* **Assignment**:
Your task is to return exactly the lines that run from the one containing "Indicate the correct" through the end of the listing below, without any pictures.

* **Data listing**:
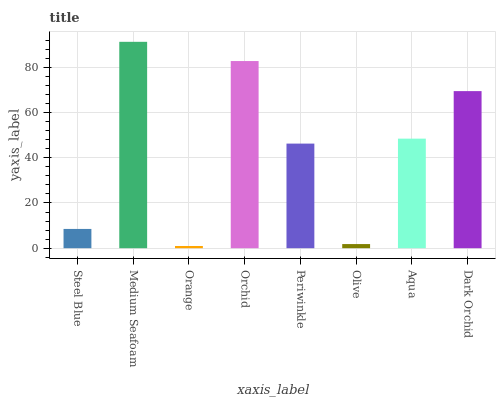Is Orange the minimum?
Answer yes or no. Yes. Is Medium Seafoam the maximum?
Answer yes or no. Yes. Is Medium Seafoam the minimum?
Answer yes or no. No. Is Orange the maximum?
Answer yes or no. No. Is Medium Seafoam greater than Orange?
Answer yes or no. Yes. Is Orange less than Medium Seafoam?
Answer yes or no. Yes. Is Orange greater than Medium Seafoam?
Answer yes or no. No. Is Medium Seafoam less than Orange?
Answer yes or no. No. Is Aqua the high median?
Answer yes or no. Yes. Is Periwinkle the low median?
Answer yes or no. Yes. Is Orange the high median?
Answer yes or no. No. Is Orchid the low median?
Answer yes or no. No. 
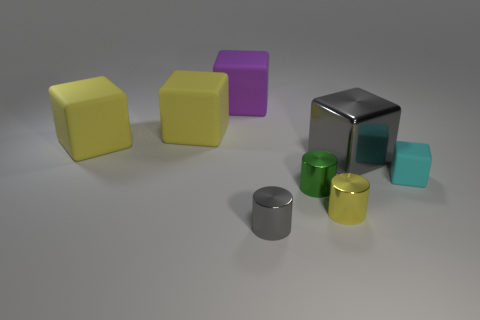There is a cyan thing to the right of the gray metallic object behind the small matte object; what shape is it?
Your answer should be very brief. Cube. Does the metal cube have the same color as the small block?
Offer a very short reply. No. What number of balls are either yellow shiny things or yellow things?
Your answer should be compact. 0. There is a cube that is both behind the small matte object and right of the purple rubber object; what is it made of?
Keep it short and to the point. Metal. There is a yellow cylinder; how many metal objects are to the left of it?
Your response must be concise. 2. Is the object that is right of the big gray object made of the same material as the tiny object left of the small green metal cylinder?
Give a very brief answer. No. What number of objects are either large rubber things in front of the big purple matte cube or big purple things?
Your response must be concise. 3. Is the number of green things right of the cyan rubber block less than the number of green metallic cylinders that are behind the purple matte object?
Your answer should be compact. No. What number of other things are there of the same size as the purple cube?
Make the answer very short. 3. Is the tiny gray cylinder made of the same material as the block to the right of the gray metallic cube?
Provide a short and direct response. No. 
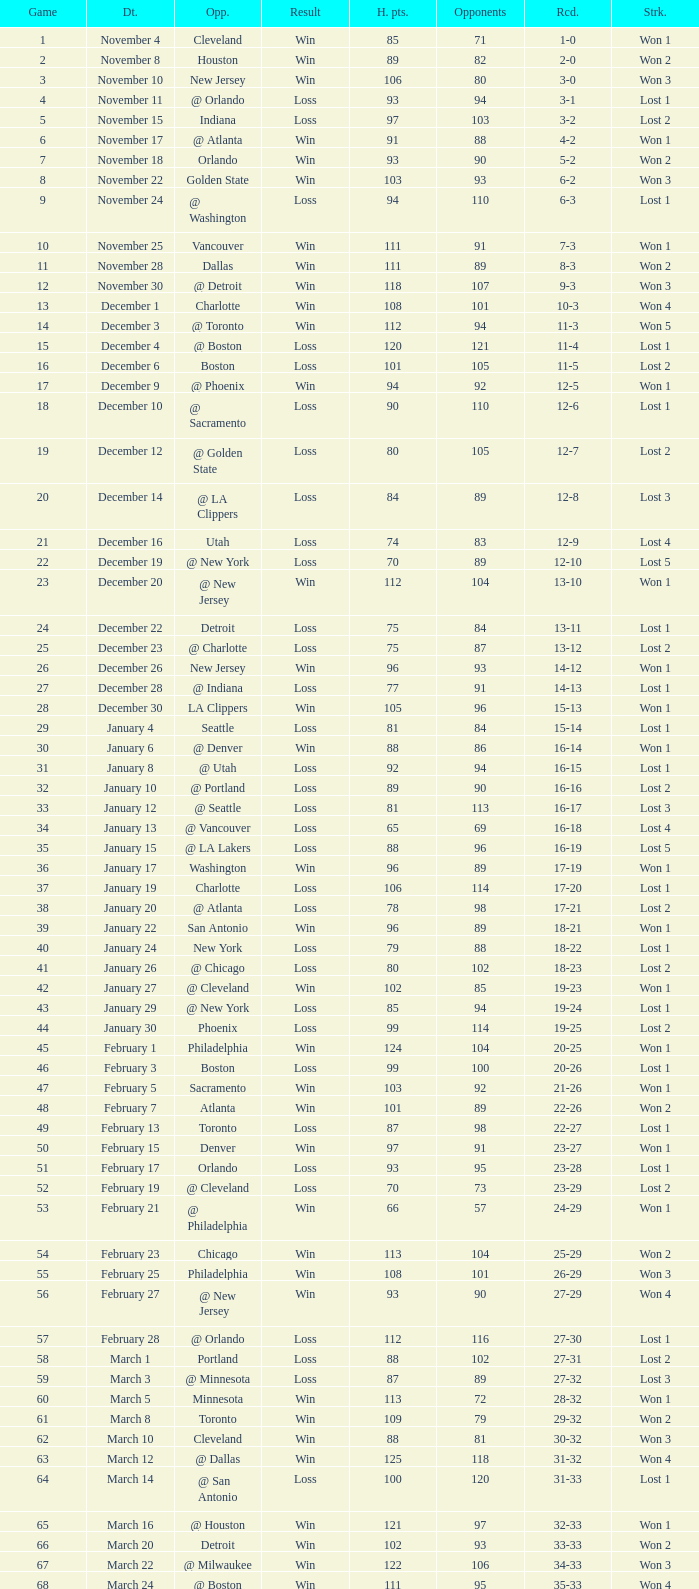What is the highest Game, when Opponents is less than 80, and when Record is "1-0"? 1.0. 
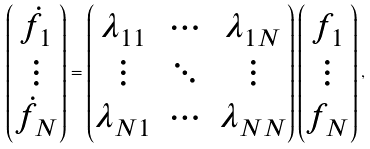Convert formula to latex. <formula><loc_0><loc_0><loc_500><loc_500>\begin{pmatrix} { \dot { f } } _ { 1 } \\ \vdots \\ { \dot { f } } _ { N } \end{pmatrix} = \begin{pmatrix} \lambda _ { 1 1 } & \cdots & \lambda _ { 1 N } \\ \vdots & \ddots & \vdots \\ \lambda _ { N 1 } & \cdots & \lambda _ { N N } \end{pmatrix} \begin{pmatrix} f _ { 1 } \\ \vdots \\ f _ { N } \end{pmatrix} ,</formula> 
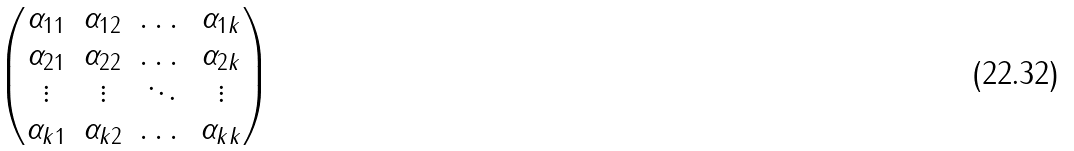Convert formula to latex. <formula><loc_0><loc_0><loc_500><loc_500>\begin{pmatrix} \alpha _ { 1 1 } & \alpha _ { 1 2 } & \dots & \alpha _ { 1 k } \\ \alpha _ { 2 1 } & \alpha _ { 2 2 } & \dots & \alpha _ { 2 k } \\ \vdots & \vdots & \ddots & \vdots \\ \alpha _ { k 1 } & \alpha _ { k 2 } & \dots & \alpha _ { k k } \\ \end{pmatrix}</formula> 
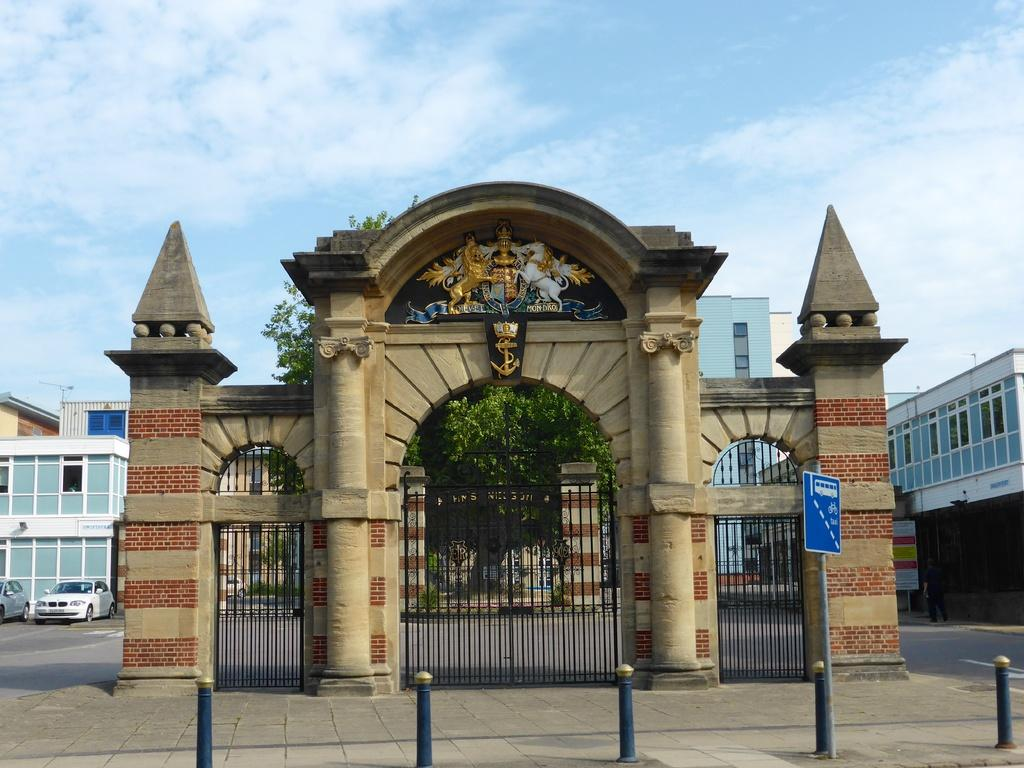What architectural features can be seen in the image? There are arches, boards, and poles in the image. What type of structures are present in the image? There are grills in the image. What can be seen in the background of the image? There are buildings, vehicles, trees, and a person in the background of the image. The sky is also visible in the background. What is the condition of the sky in the image? The sky is cloudy in the image. Where is the office located in the image? There is no office present in the image. What type of watch is the person wearing in the image? There is no person wearing a watch in the image. Can you see any animals in the image? There is no mention of animals or a zoo in the image. 
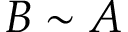<formula> <loc_0><loc_0><loc_500><loc_500>B \sim A</formula> 
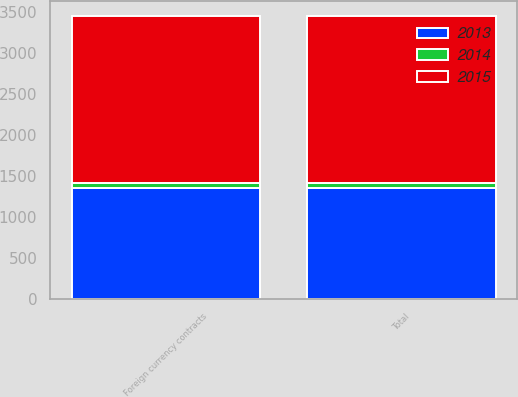Convert chart. <chart><loc_0><loc_0><loc_500><loc_500><stacked_bar_chart><ecel><fcel>Foreign currency contracts<fcel>Total<nl><fcel>2013<fcel>1347<fcel>1347<nl><fcel>2015<fcel>2047<fcel>2047<nl><fcel>2014<fcel>61<fcel>61<nl></chart> 
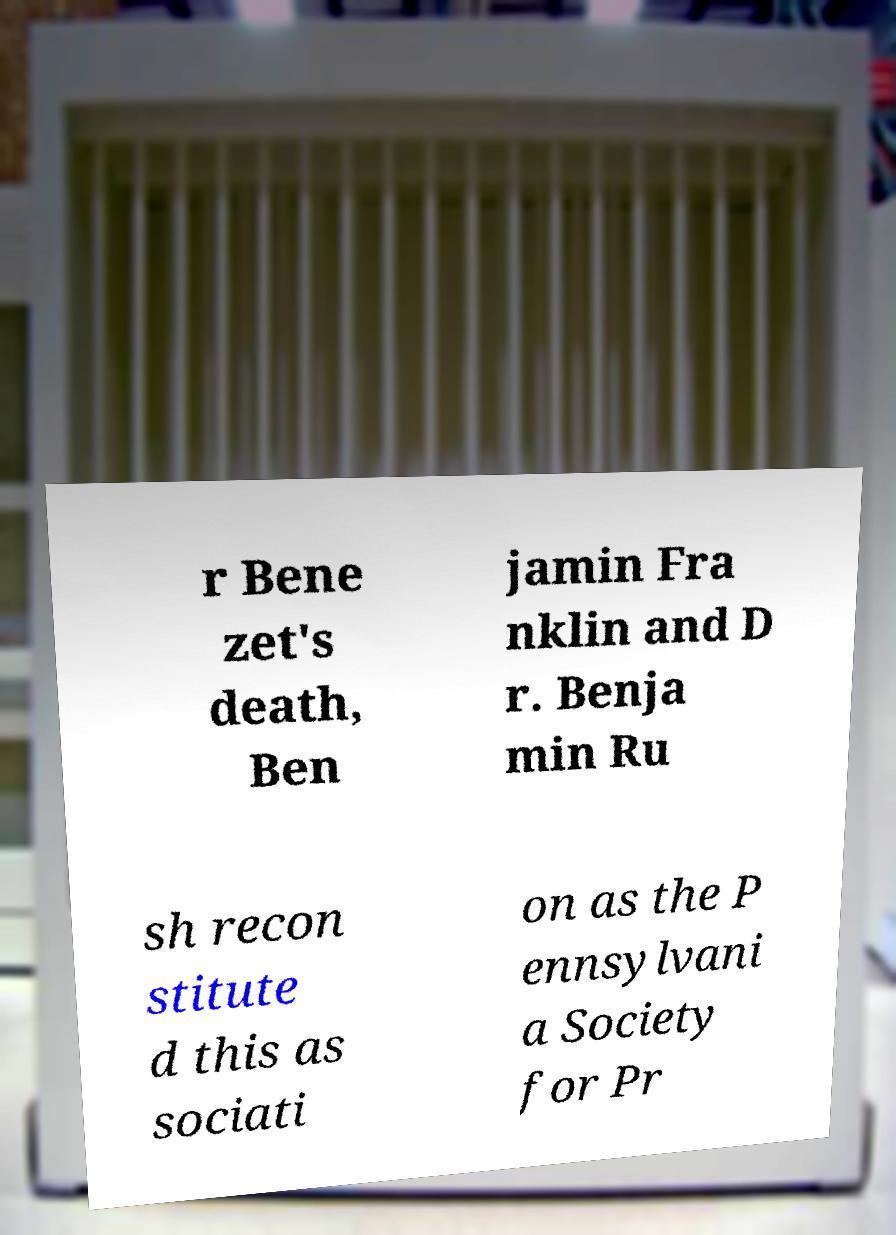Please read and relay the text visible in this image. What does it say? r Bene zet's death, Ben jamin Fra nklin and D r. Benja min Ru sh recon stitute d this as sociati on as the P ennsylvani a Society for Pr 
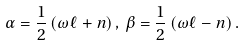Convert formula to latex. <formula><loc_0><loc_0><loc_500><loc_500>\alpha = \frac { 1 } { 2 } \left ( \omega \ell + n \right ) , \, \beta = \frac { 1 } { 2 } \left ( \omega \ell - n \right ) .</formula> 
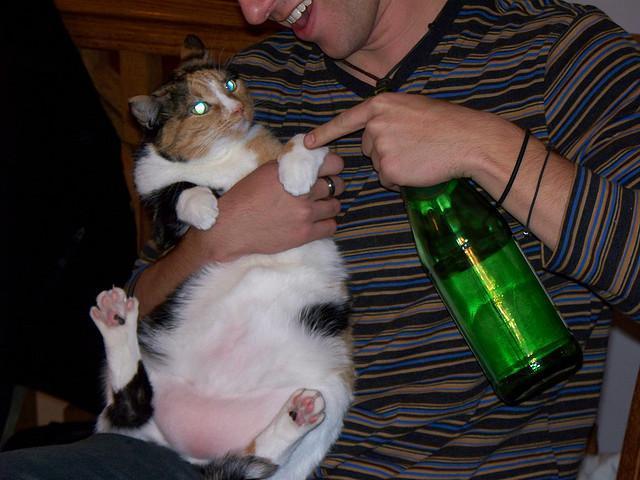How many bottles can you see?
Give a very brief answer. 1. How many people are there?
Give a very brief answer. 2. How many bears are standing near the waterfalls?
Give a very brief answer. 0. 
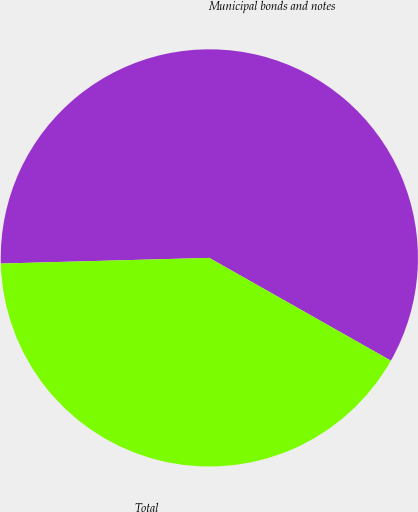Convert chart. <chart><loc_0><loc_0><loc_500><loc_500><pie_chart><fcel>Municipal bonds and notes<fcel>Total<nl><fcel>58.63%<fcel>41.37%<nl></chart> 
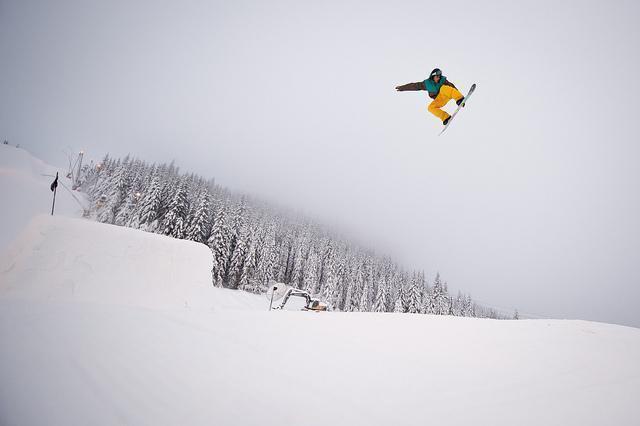How skilled is this skier in the activity?
Indicate the correct response and explain using: 'Answer: answer
Rationale: rationale.'
Options: Intermediate, professional, amateur, beginner. Answer: professional.
Rationale: The skier is doing a trick that is very complicated and dangerous and of the highest skill level. 
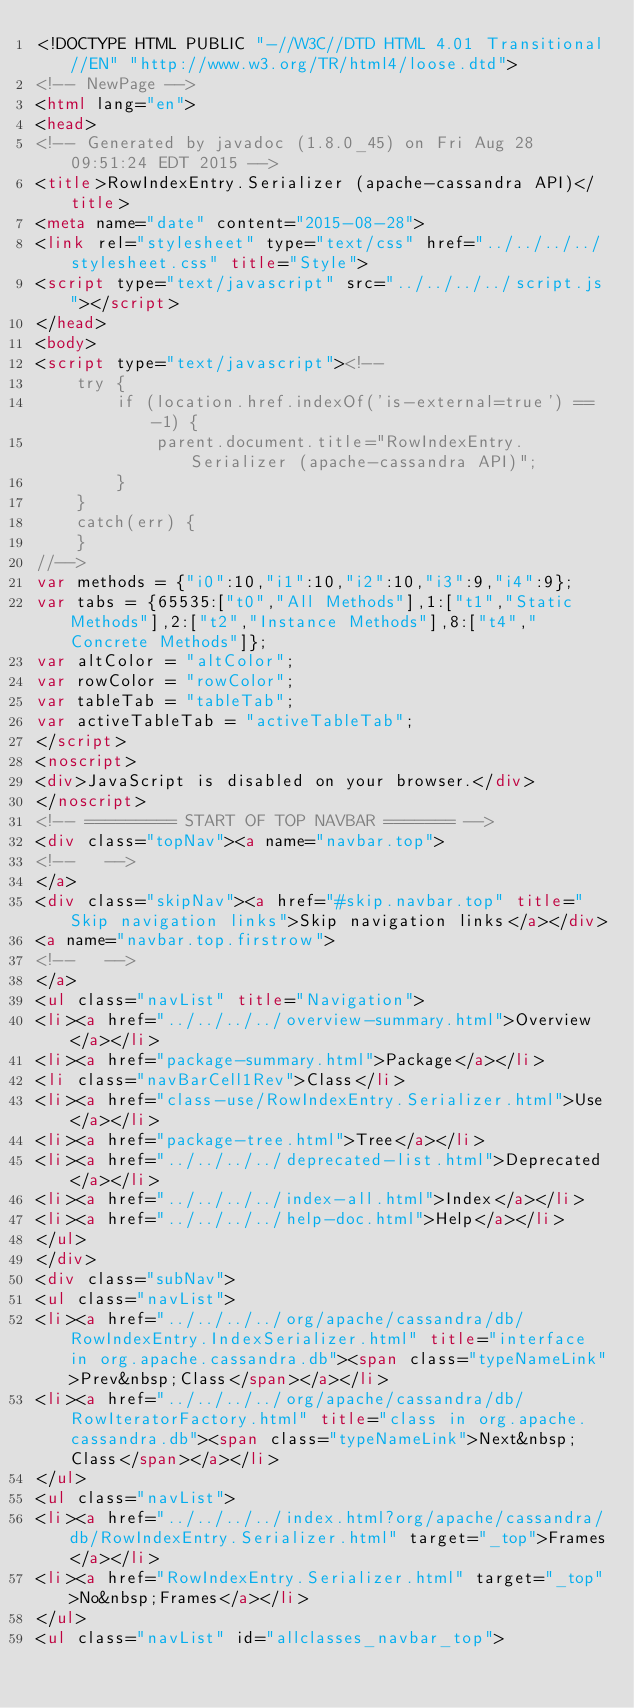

* **Task result**:
Indicate the correct response and explain using: 'Answer: answer
Rationale: rationale.'
Options: Intermediate, professional, amateur, beginner. Answer: professional.
Rationale: The skier is doing a trick that is very complicated and dangerous and of the highest skill level. 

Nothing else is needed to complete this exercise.